Мессмер бросился вперёд, преодолевая следующие сотни метров длинными прыжками. Перед ним показалась ограда внешнего периметра комплекса «Лунар-Таун». Безвоздушную черноту прорезали две трассы, и на серебристой стене расцвели огненные цветы. Тактический дисплей сообщил, что уничтожены ещё две турели. Ударный беспилотник сработал на совесть. Путь к комплексу был свободен. Время вызывать штурмовую группу.
Однако Мессмер медлил. Какая-то непреодолимая сила манила его внутрь, удерживая дрожащий палец над клавишей интеркома на левом предплечье скафандра. Наёмник не смог противиться этому зову и бросил своё сознание вперёд, туда, где угадывалось присутствие чего-то значительного и, неожиданно, светлого. Разогнанный разум пси-оперативника мчался к этому «нечто» с безрассудством мотылька, летящего на огонь.
Мессмер не был таким мотыльком. Он был профессионалом. Дорогим профессионалом, побывавшем не в одной переделке, а потому, неимоверным усилием воли, он разорвал контакт, не забыв установить ментальный экран.
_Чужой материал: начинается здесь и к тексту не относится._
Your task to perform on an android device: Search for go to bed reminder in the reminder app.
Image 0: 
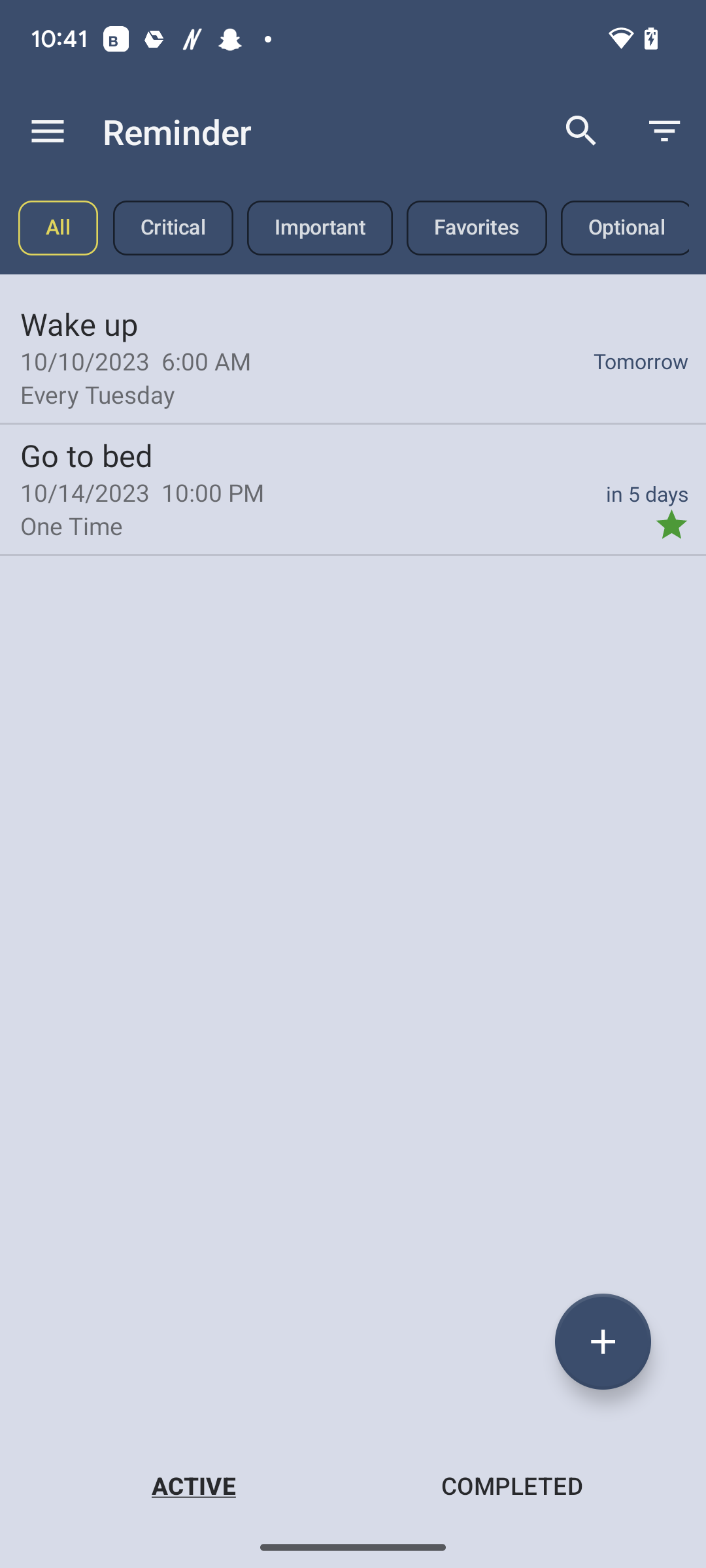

Дрожащий палец всё-таки нажал клавишу интеркома. Передав голосовое сообщение, Мессмер опустился на усыпанный металлическими обломками базальт. В грубой душе наёмника неведомым цветком распускалось ожидание чуда. Усилием воли Мессмер подавил это чувство: технотронный постапокалиптический мир не мог предложить его обитателям никаких чудес. Или всё-таки мог?
***
Джеймса Конклина разбудил стук в дверь. Мерные ритмичные удары в пласталевую поверхность складывались в какую-то тревожную мелодию, некий первобытный агрессивный ритм, напоминавший рептильной части сознания Джеймса о кострах, копьях и охоте. «Пси-оперативник должен быть внимательным к возникающим в мозгу ассоциациям, – вспомнил Джеймс. – Наше подсознание часто владеет ситуацией лучше, нежели разумная часть мозга».
Повинуясь инстинкту, Джеймс подошёл к столу, вытащил из ящика автоматический пулевой пистолет и, засунув его под ремень пижамных брюк, уверенно шагнул к двери. Нажав на кнопку замка, Джеймс чуть отступил назад, держа руку на рукояти оружия.
Дверь с шипением отошла в сторону, спрятавшись в стенную нишу. Чуть меньше секунды потребовалось Джеймсу, чтобы понять – стрелять не следует, а следует шагнуть вперёд, распахнув руки в искреннем дружеском объятии. Ведь худой стильный мужчина в длинном пальто, стоявший за дверью был никем иным, как Петром Климовым, бывшим сослуживцем Джеймса и одним из сильнейших менталов психокорпуса. Одним из тех немногих людей, кого Джеймс Конклин мог бы назвать друзьями.
– Ну, здравствуй, Мессмер, – улыбнулся Джеймс. – Какими судьбами?
– И тебе привет, Вергилий, – бодро ответил Пётр, обнимая собеседника так, что затрещали кости. – Проездом я. «Гагарин» на геостационарке завис точно над Североамериканским Конгломератом. Вот я и взял «пулю» до ближайшего космопорта. Дай, думаю, друга навещу.
– Типа поверил. Проходи, Мес. Располагайся. Я поищу что-нибудь выпить, – Джеймс жестом указал на диван в гостиной. – С закуской неважно. Холостяцкая жизнь, сам понимаешь.
– Слышал про Сару, друг. Соболезную, – ответил Пётр, усаживаясь на диван. – Ты с выпивкой не торопись. У меня всё с собой.
С этими словами Мессмер открыл магнитные защёлки маленького изящного чемоданчика из настоящей кожи, извлёк из него бутылку прозрачной жидкости и пластиковую банку с чем-то зелёным. Торжественно водрузив предметы на стол, Пётр вновь улыбнулся собеседнику.
– Водка? – с интересом спросил Джеймс, доставая стаканы и столовые приборы.
– Настоящая зерновая. И огурчики. Солёные. Гидропонные. Никакой синтетики. Прямиком с «Гагарина». У них там такая биостанция! Всё выращивают: картошку, помидоры, даже бананы с ананасами. Ты бы видел, как оно в невесомости растёт!
– А ты вверх пошёл, как я погляжу, Мес! Отдых на «Гагарине», настоящие продукты…
– Контракт был хороший, – отмахнулся Пётр. – Сам знаешь, как оно у наёмников бывает. То пусто, то густо. Сейчас густо. «Нова» расщедрилась.
– «Нова»? Эти экологически ориентированные чистоплюи-инноваторы?
– Ага. Попросили кое-что забрать с базы «Свободной Луны». После того, как лунное правительство пало, там полный разброд и анархия. Ну и корпорации подбирают всё, что плохо лежит. Пока мятежники не разобрали на запчасти.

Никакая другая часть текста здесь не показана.